The Marburg virus is included on the World Health Organization’s list of priority pathogens capable of causing future pandemics, along with Covid-19, Crimean-Congo hemorrhagic fever, Ebola, Lassa fever, respiratory syndrome Middle East Disease (MERS) and severe acute respiratory syndrome (SARS), Nipah virus disease and henipavirus infections, Rift Valley fever or Zika. The goal of this list is “to pinpoint the pathogens that researchers around the world need to invest money and energy in to develop tests, treatments and vaccines,” as Dr. Soumya Swaminathan, WHO’s scientific director, points out.

Marburg virus disease (MVD) was first identified in 1967 after simultaneous outbreaks were recorded in Marburg (hence its name) and Frankfurt (Germany) and in Belgrade (Serbia). Subsequently, outbreaks and sporadic cases have been reported in Angola, Kenya, the Democratic Republic of the Congo, South Africa and Uganda, but this is the first time it has been detected in Equatorial Guinea.

The Marburg virus is transmitted to humans through fruit bats and spreads in humans through direct contact with the body fluids of infected people, or with surfaces and materials.

It has an incubation period of between 5 and 10 days where it is not transmitted, it causes a febrile hemorrhagic disease that begins suddenly with fever, muscle pain, weakness, headache and odynophagia. In fact, in 50-80 percent of patients, rapid weakening accompanied by gastrointestinal symptoms, abdominal discomfort, severe nausea, vomiting and diarrhea occurs within 2 to 5 days.
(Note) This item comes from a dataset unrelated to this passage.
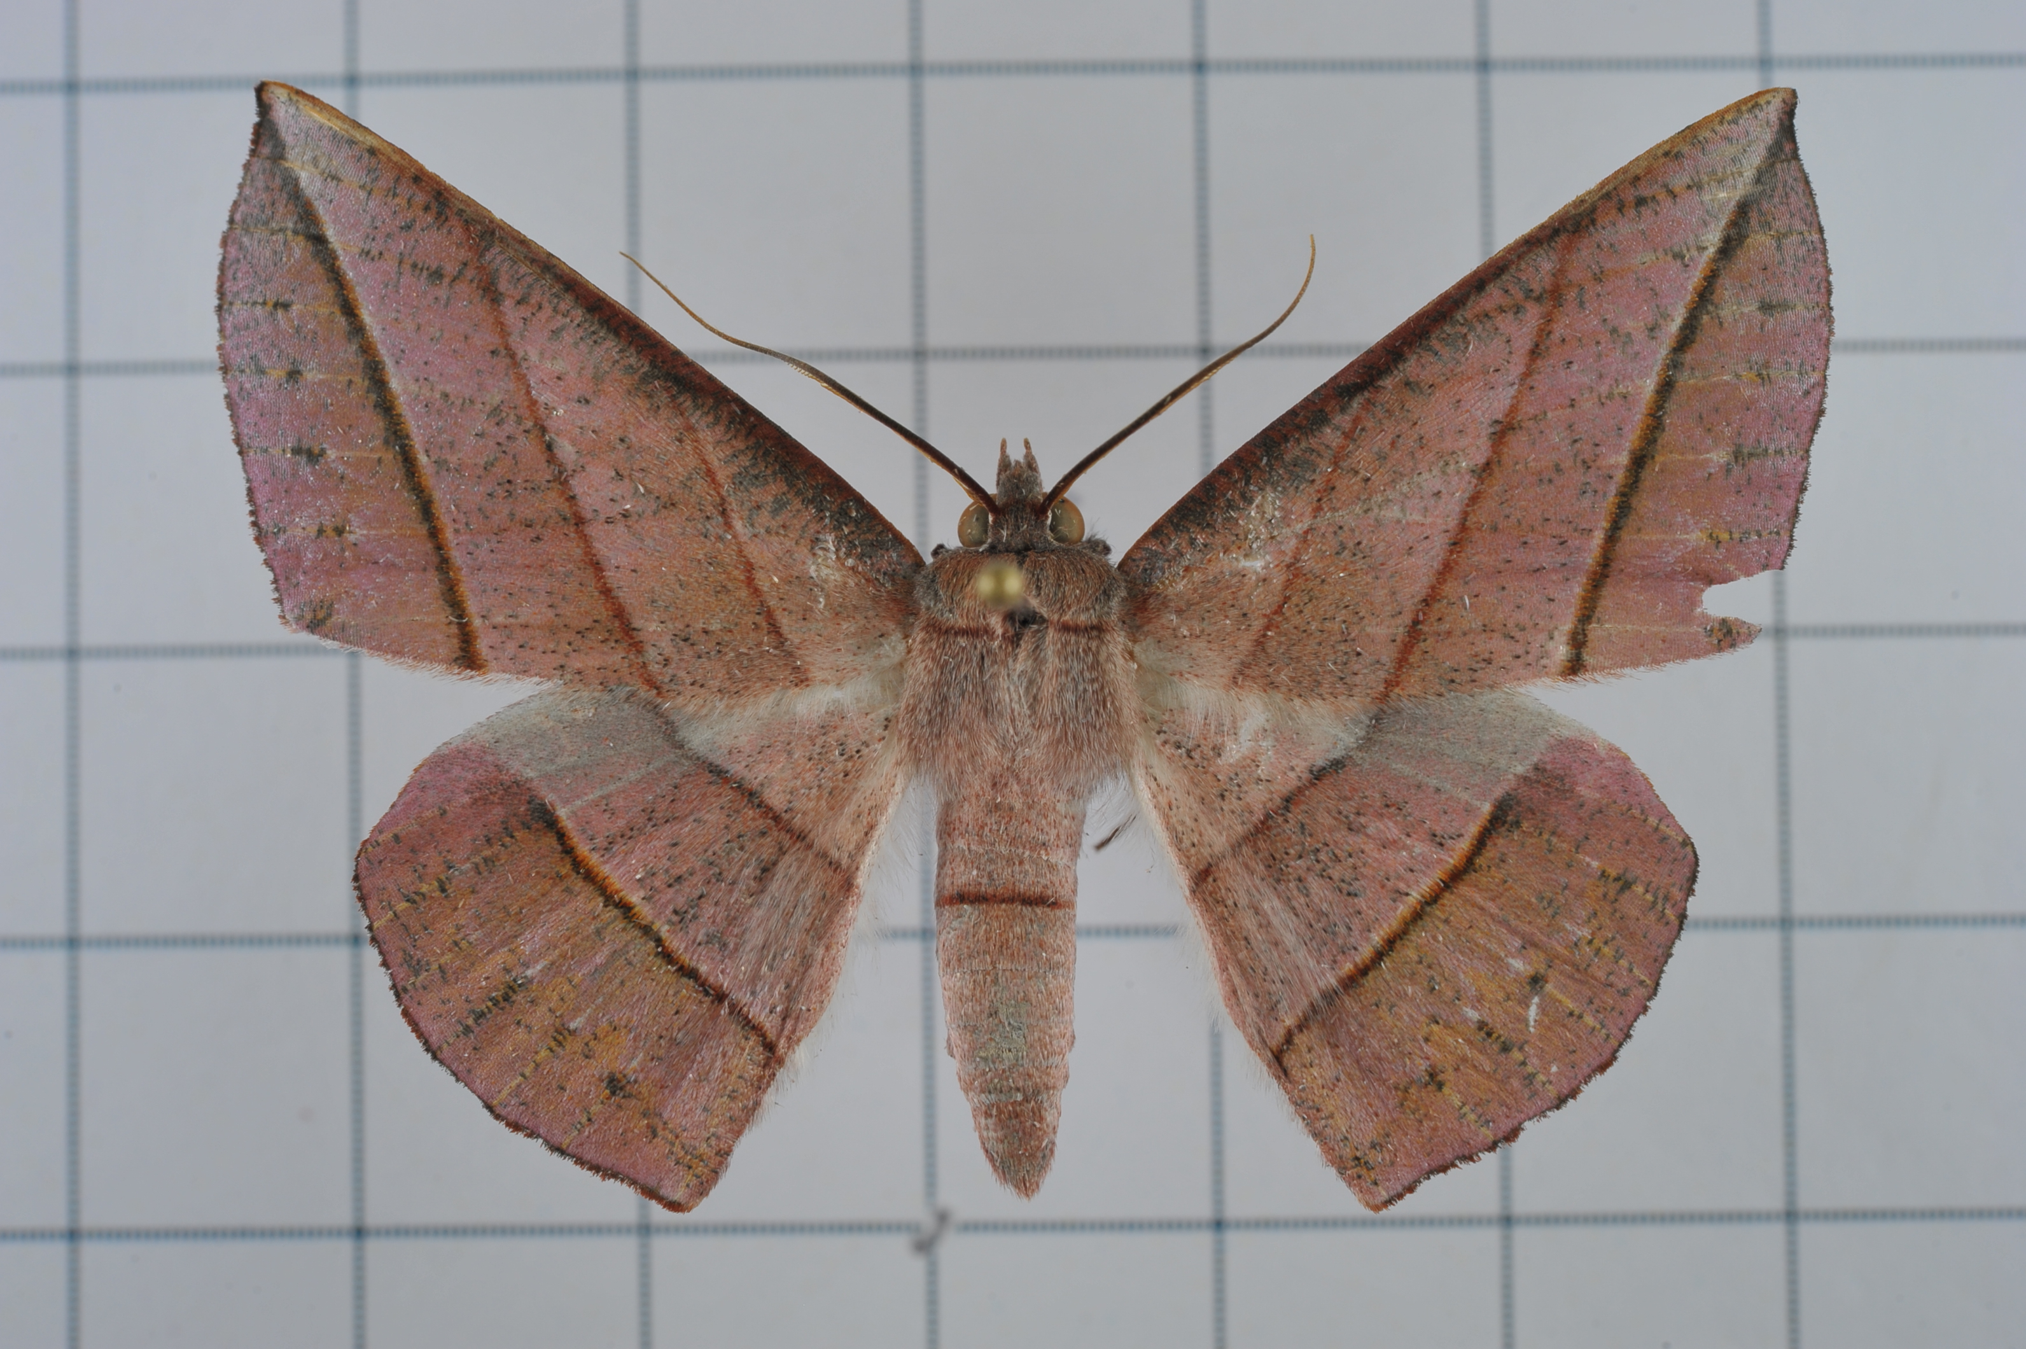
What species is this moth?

The intensity of the disease increases after 5-7 days with a maculopapular rash and hemorrhagic symptoms such as petechiae, mucosal and gastrointestinal bleeding. Additionally, neurological symptoms (disorientation, seizure, and coma) may occur in later stages of the disease.

The beginning of transmissibility is related to viremia and the appearance of the first symptoms, although during the incubation period, in which infected people are asymptomatic, the virus is not detected in blood or body fluids, therefore that the virus is not transmitted. Therefore, transmissibility begins when symptoms develop and persists as long as there is virus in the blood.

This disease is very virulent, in fact its fatality rate, according to the WHO, is 88%. In the worst phase of the disease, the WHO details that “patients present a ‘ghost-like appearance’ due to sunken eyes, facial inexpression and extreme lethargy.”

Currently, there are no vaccines or antiviral treatments approved to treat the virus. The only thing that has been shown is that supportive therapy with intravenous fluids, supplemental oxygen, electrolytes, etc., can significantly improve clinical outcome.

However, some pharmaceutical products such as immunotherapeutics, interferons or antivirals are being developed to combat the disease. Specifically, antivirals such as faviparavir and remdesivir appear to be advantageous in non-human primates, but there is still no clear evidence of their benefit in humans.

There is also no authorized vaccine, although the European Medicines Agency (EMA) has authorized the ‘Zabdeno’ and ‘Mvabea’ vaccines for post-exposure prophylaxis of Ebola virus disease.